Exercise inputs:

####################

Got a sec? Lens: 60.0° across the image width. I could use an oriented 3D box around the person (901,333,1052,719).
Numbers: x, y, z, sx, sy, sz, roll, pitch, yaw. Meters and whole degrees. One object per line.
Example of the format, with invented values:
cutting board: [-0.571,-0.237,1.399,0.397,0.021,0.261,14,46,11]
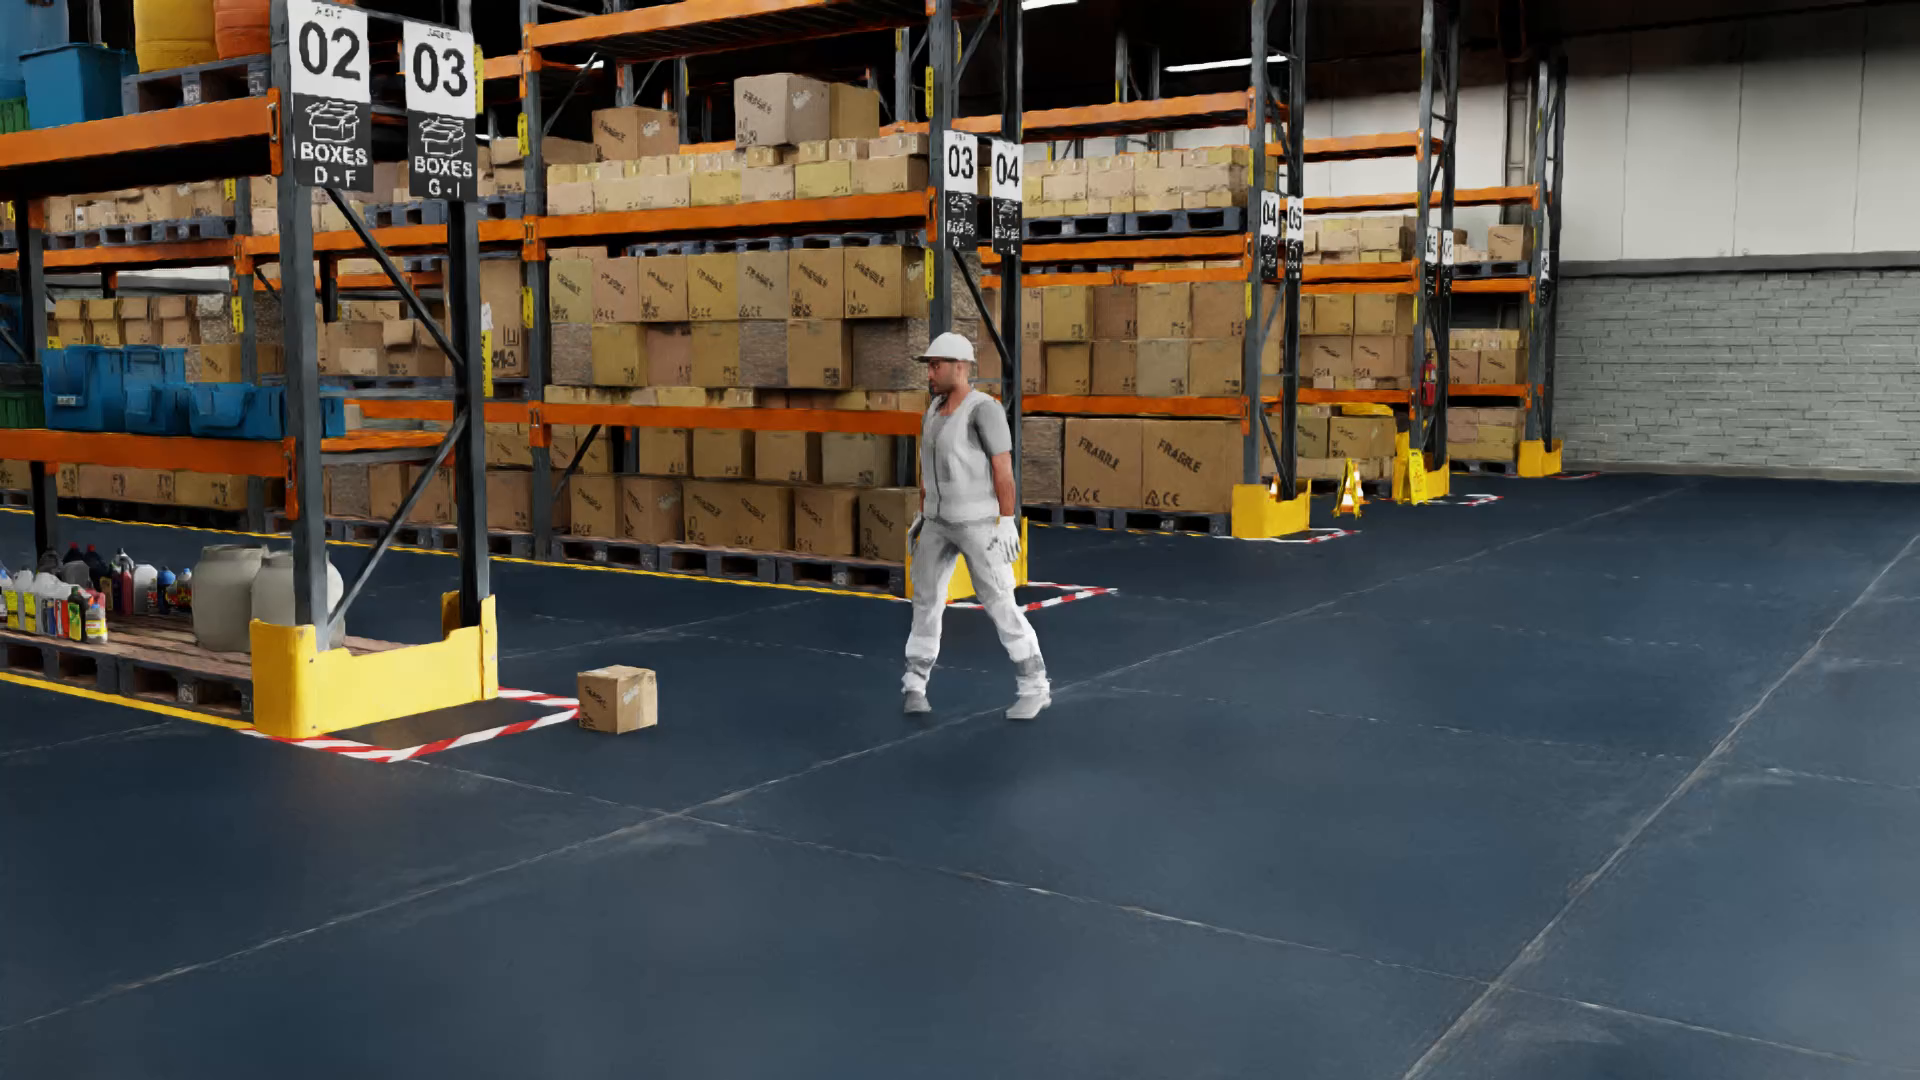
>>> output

####################

Exercise description: Give back exactly the lines from the line with "Example of the" through the end of the material above, and omit every picture.

Answer to the exercise:
Example of the format, with invented values:
cutting board: [-0.571,-0.237,1.399,0.397,0.021,0.261,14,46,11]
>>> output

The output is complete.